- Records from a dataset
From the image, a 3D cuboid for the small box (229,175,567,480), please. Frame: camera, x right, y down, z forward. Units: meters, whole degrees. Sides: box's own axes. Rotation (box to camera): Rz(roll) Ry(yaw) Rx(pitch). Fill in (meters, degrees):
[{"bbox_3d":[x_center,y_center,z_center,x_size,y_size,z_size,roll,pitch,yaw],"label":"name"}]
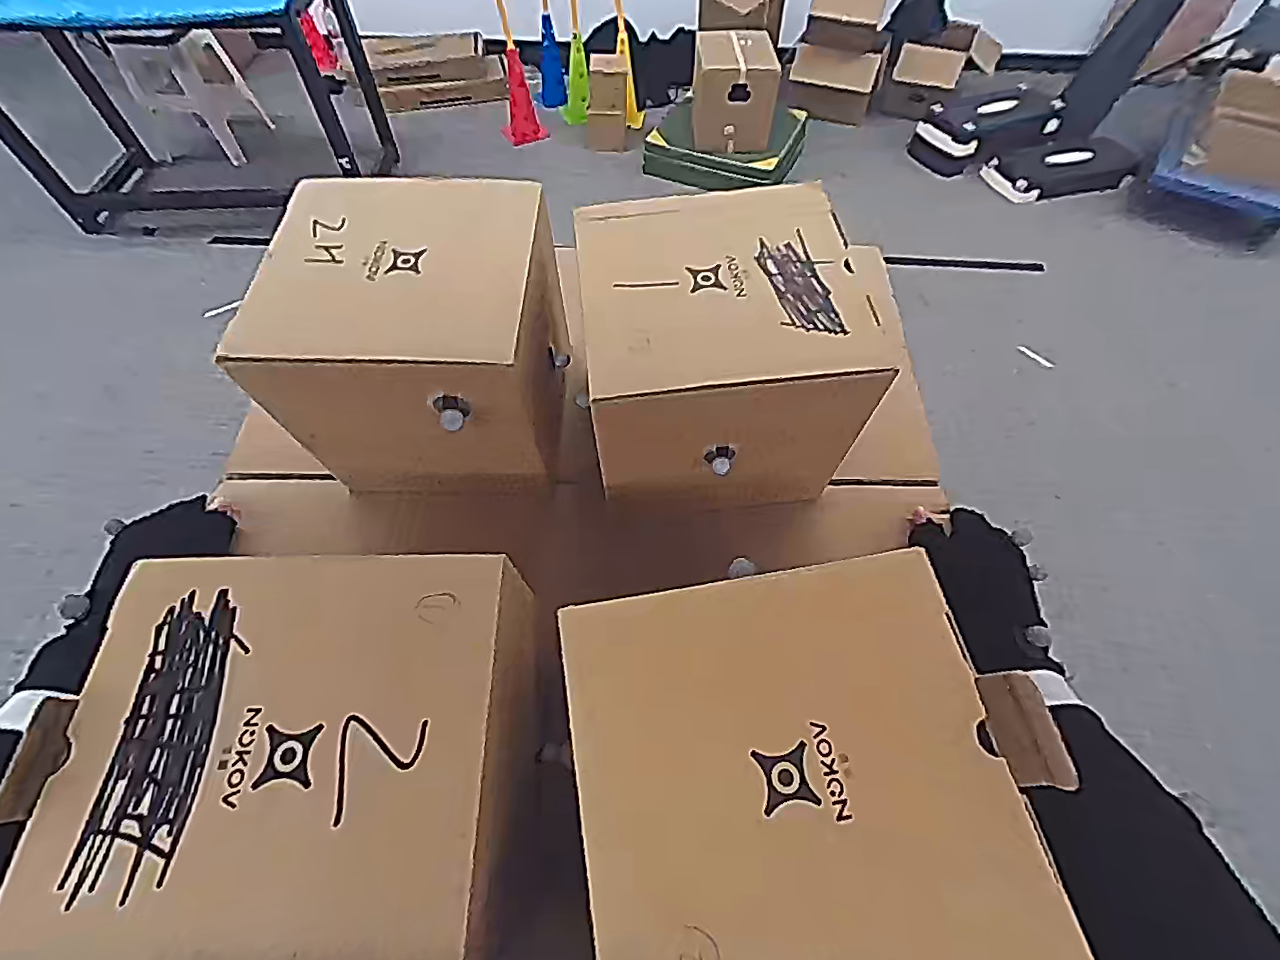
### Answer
[{"bbox_3d":[-0.158,-0.110,0.430,0.179,0.176,0.168,2,62,2],"label":"small box"}]
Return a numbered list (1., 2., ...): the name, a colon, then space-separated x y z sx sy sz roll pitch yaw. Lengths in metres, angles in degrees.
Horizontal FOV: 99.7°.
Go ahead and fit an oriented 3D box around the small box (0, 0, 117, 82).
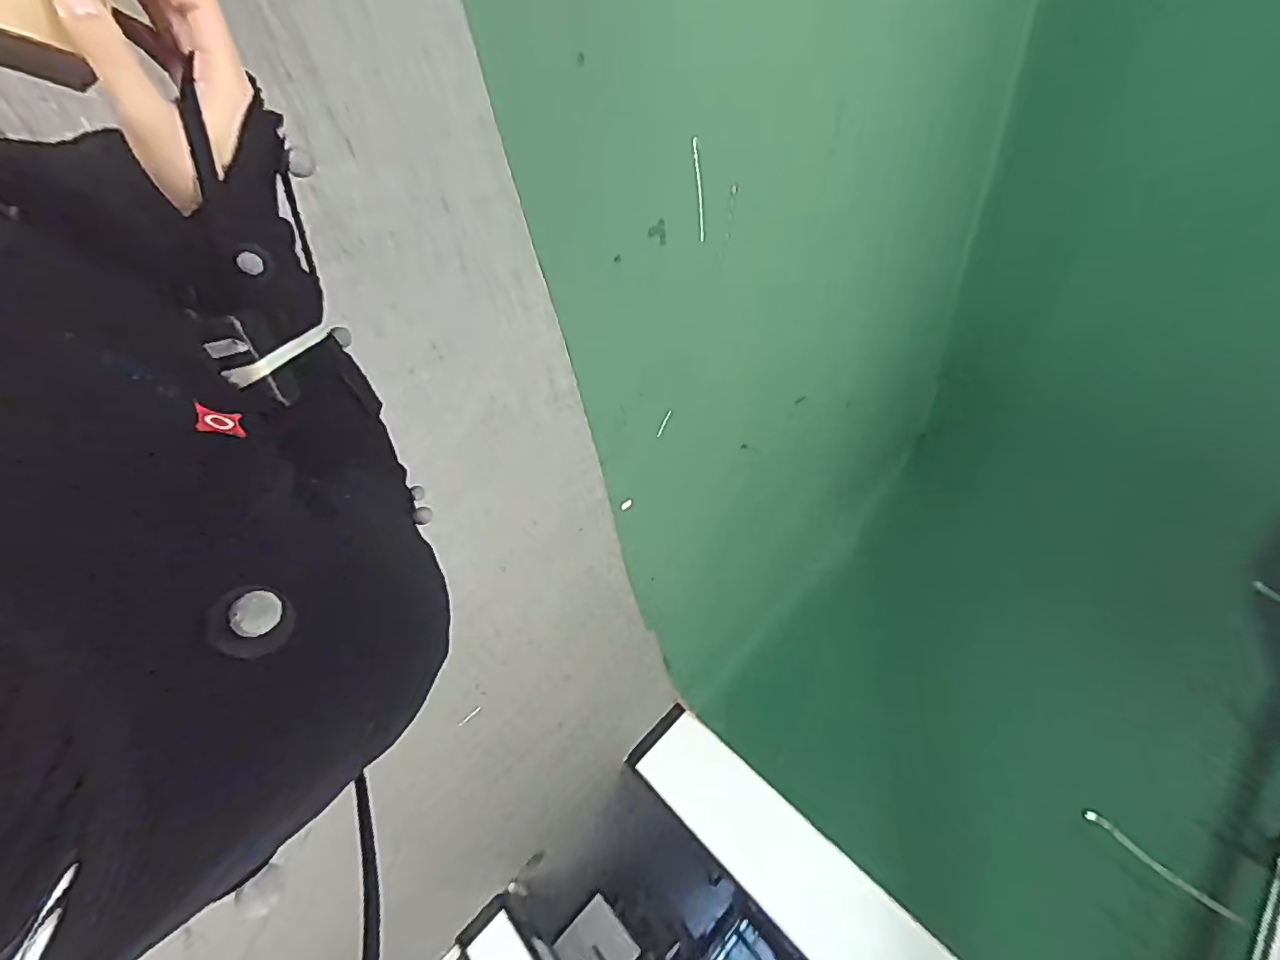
1. small box: -0.338 -0.299 0.219 0.168 0.176 0.179 -6 117 -48
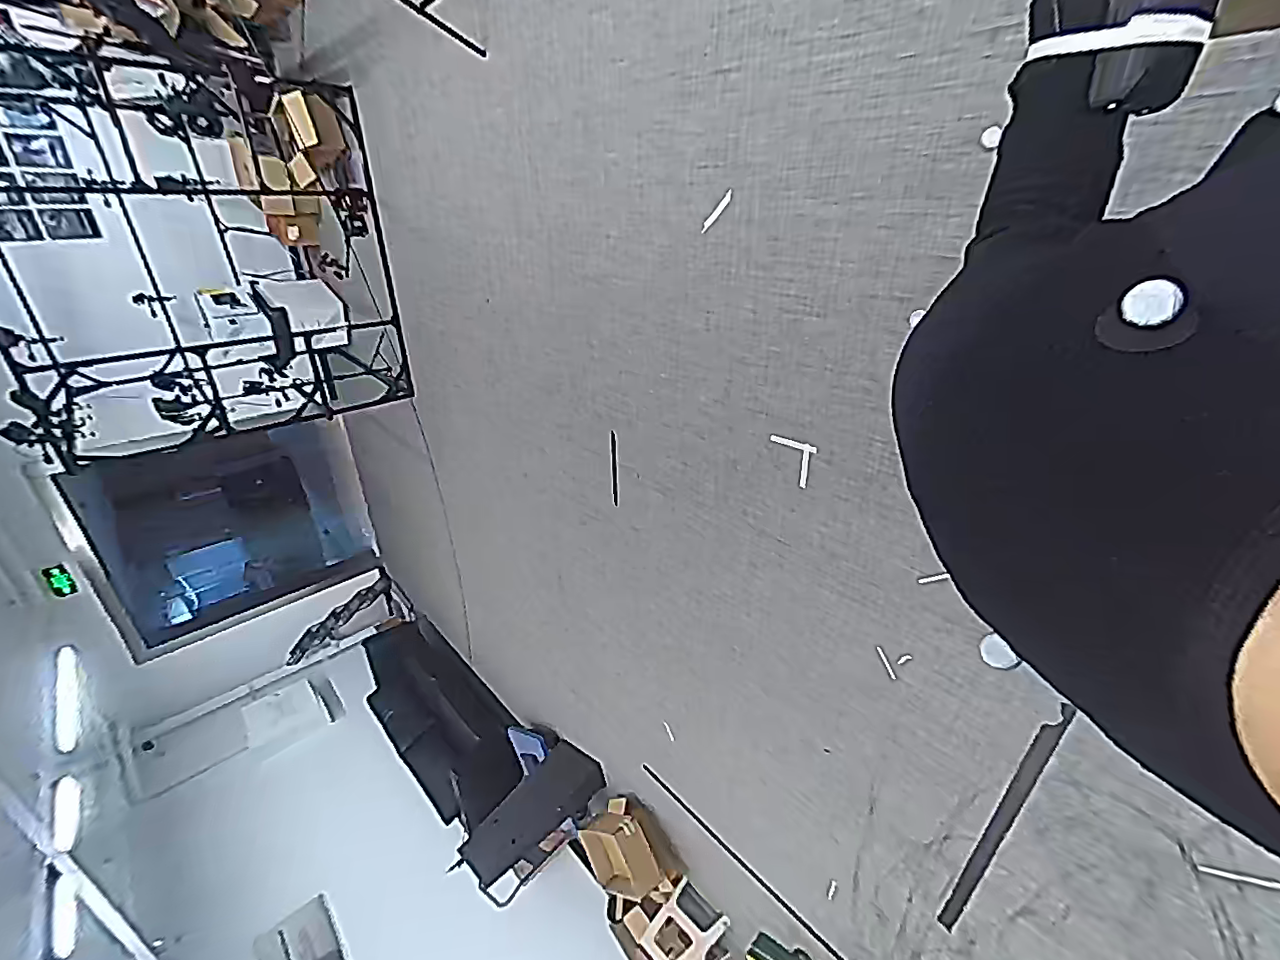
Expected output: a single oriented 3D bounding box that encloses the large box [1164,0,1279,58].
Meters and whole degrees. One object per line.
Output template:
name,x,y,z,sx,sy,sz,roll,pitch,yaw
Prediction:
large box,0.542,-0.427,0.225,0.408,0.320,0.320,22,127,39
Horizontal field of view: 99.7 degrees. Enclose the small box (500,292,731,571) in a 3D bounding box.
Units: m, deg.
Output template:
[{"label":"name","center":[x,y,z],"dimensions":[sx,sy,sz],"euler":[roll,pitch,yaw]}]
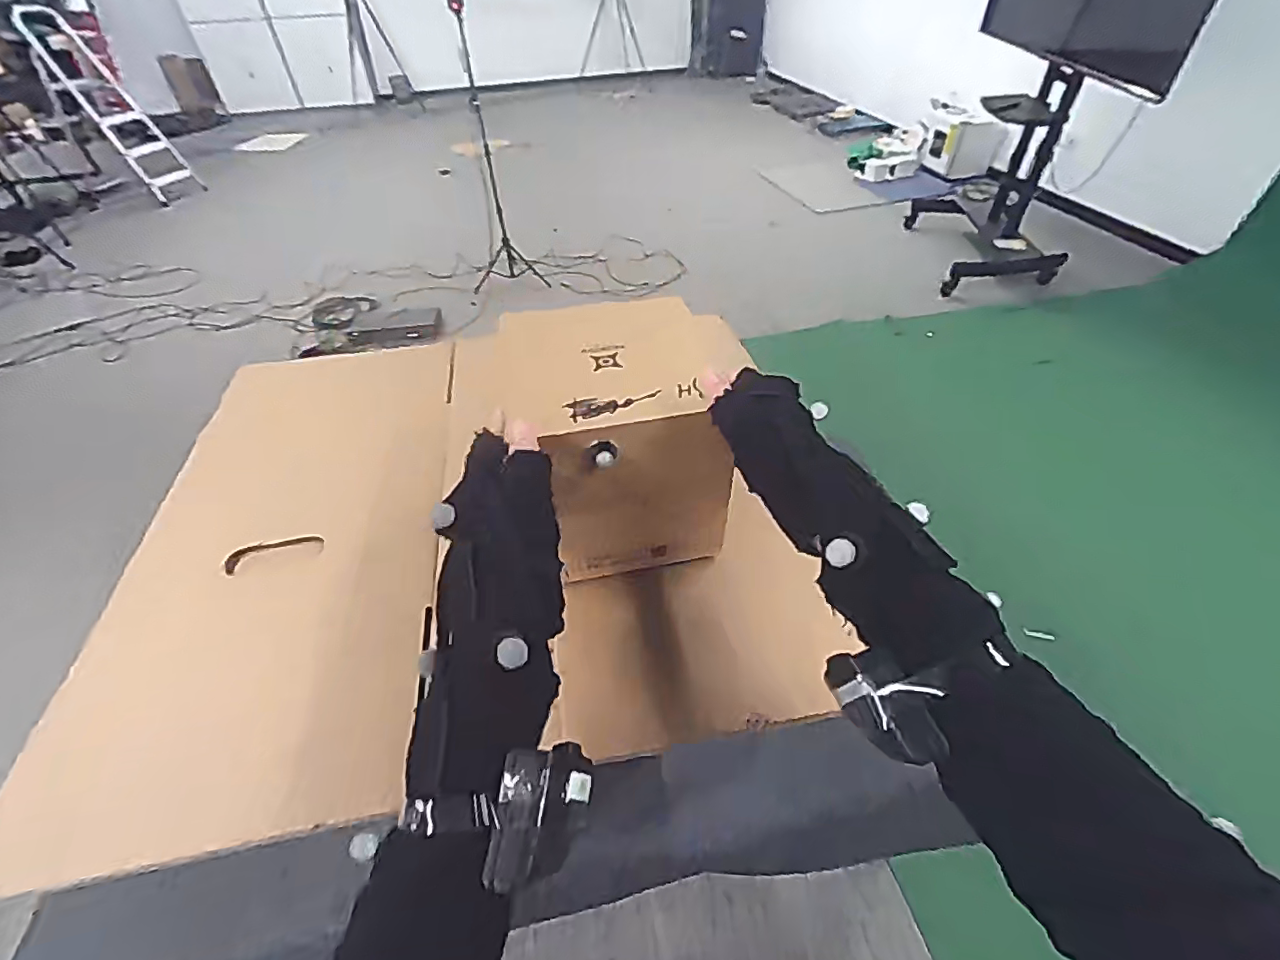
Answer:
[{"label":"small box","center":[-0.027,-0.046,0.488],"dimensions":[0.168,0.176,0.179],"euler":[-10,45,-6]}]
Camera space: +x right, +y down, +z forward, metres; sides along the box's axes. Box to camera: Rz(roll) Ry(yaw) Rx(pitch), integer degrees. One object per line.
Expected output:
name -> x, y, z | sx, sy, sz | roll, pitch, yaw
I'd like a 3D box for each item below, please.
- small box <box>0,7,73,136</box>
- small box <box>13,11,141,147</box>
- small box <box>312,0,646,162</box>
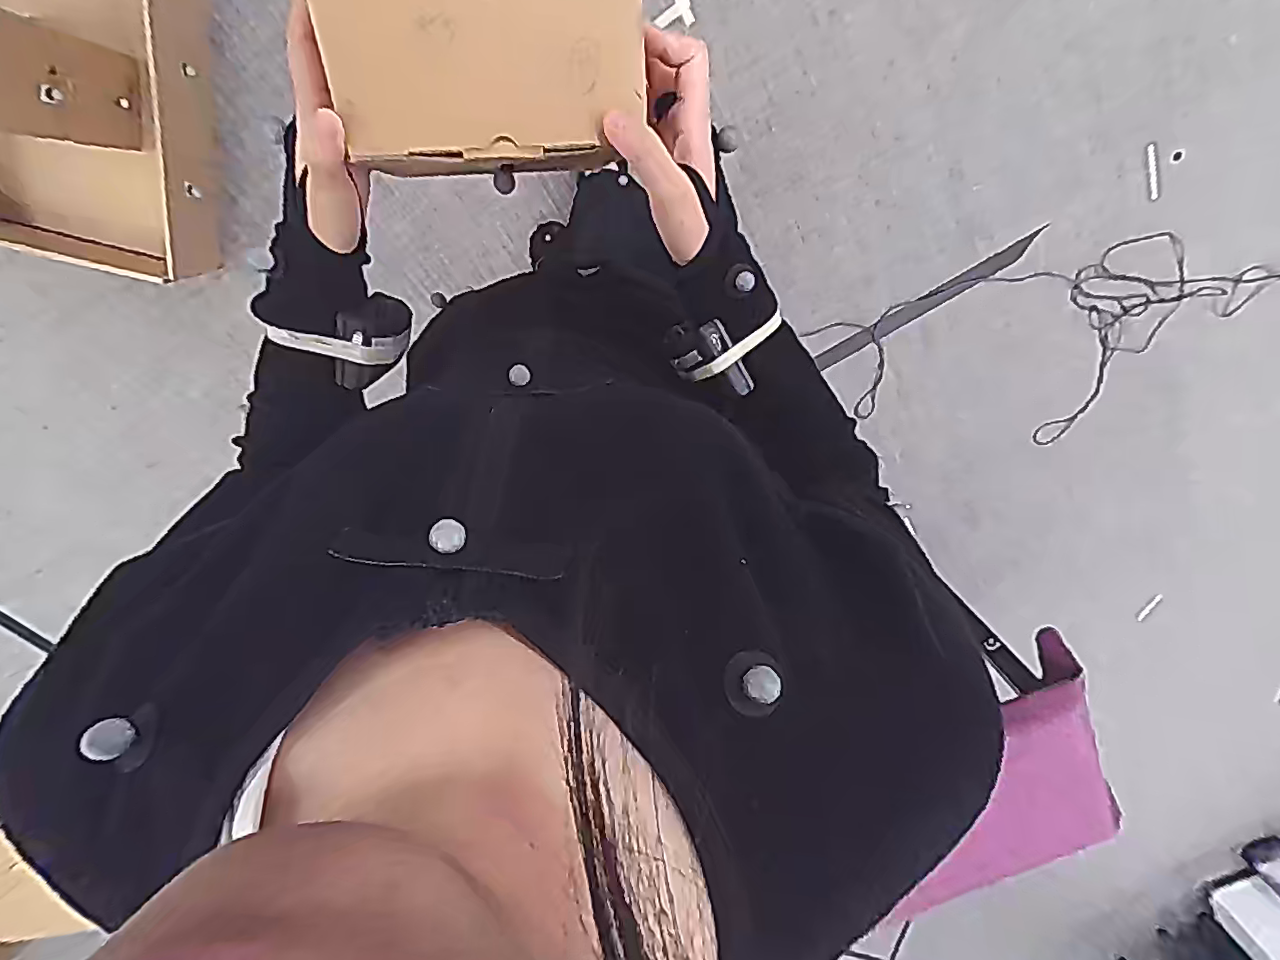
small box -> -1.038, -0.646, 0.821 | 0.179, 0.176, 0.168 | 13, 115, -13
small box -> -1.054, -0.718, 0.966 | 0.179, 0.176, 0.168 | 14, 115, -13
small box -> -0.095, -0.298, 0.328 | 0.168, 0.176, 0.179 | -9, 118, -11

- Work required
With every picture removed, give the entries above again exactly.

- Written response
From the image, a 3D cuboid for the small box (229,175,567,480), please. Frame: camera, x right, y down, z forward. Units: meters, whole degrees. Sides: box's own axes. Rotation (box to camera): Rz(roll) Ry(yaw) Rx(pitch). Fill in (meters, degrees):
[{"bbox_3d":[x_center,y_center,z_center,x_size,y_size,z_size,roll,pitch,yaw],"label":"name"}]
### Answer
[{"bbox_3d":[-0.158,-0.110,0.430,0.179,0.176,0.168,2,62,2],"label":"small box"}]
Return a numbered list (1., 2., ...): the name, a colon, then space-separated x y z sx sy sz roll pitch yaw. Lengths in metres, angles in degrees.
Horizontal FOV: 99.7°.
Go ahead and fit an oriented 3D box around the small box (0, 0, 117, 82).
1. small box: -0.338 -0.299 0.219 0.168 0.176 0.179 -6 117 -48
Expected output: a single oriented 3D bounding box that encloses the large box [1164,0,1279,58].
Meters and whole degrees. One object per line.
Output template:
name,x,y,z,sx,sy,sz,roll,pitch,yaw
Prediction:
large box,0.542,-0.427,0.225,0.408,0.320,0.320,22,127,39
Horizontal field of view: 99.7 degrees. Enclose the small box (500,292,731,571) in a 3D bounding box.
Units: m, deg.
Output template:
[{"label":"name","center":[x,y,z],"dimensions":[sx,sy,sz],"euler":[roll,pitch,yaw]}]
Answer:
[{"label":"small box","center":[-0.027,-0.046,0.488],"dimensions":[0.168,0.176,0.179],"euler":[-10,45,-6]}]
Camera space: +x right, +y down, +z forward, metres; sides along the box's axes. Box to camera: Rz(roll) Ry(yaw) Rx(pitch), integer degrees. One object per line.
Expected output:
name -> x, y, z | sx, sy, sz | roll, pitch, yaw
I'd like a 3D box for each item below, please.
- small box <box>0,7,73,136</box>
- small box <box>13,11,141,147</box>
- small box <box>312,0,646,162</box>
small box -> -1.038, -0.646, 0.821 | 0.179, 0.176, 0.168 | 13, 115, -13
small box -> -1.054, -0.718, 0.966 | 0.179, 0.176, 0.168 | 14, 115, -13
small box -> -0.095, -0.298, 0.328 | 0.168, 0.176, 0.179 | -9, 118, -11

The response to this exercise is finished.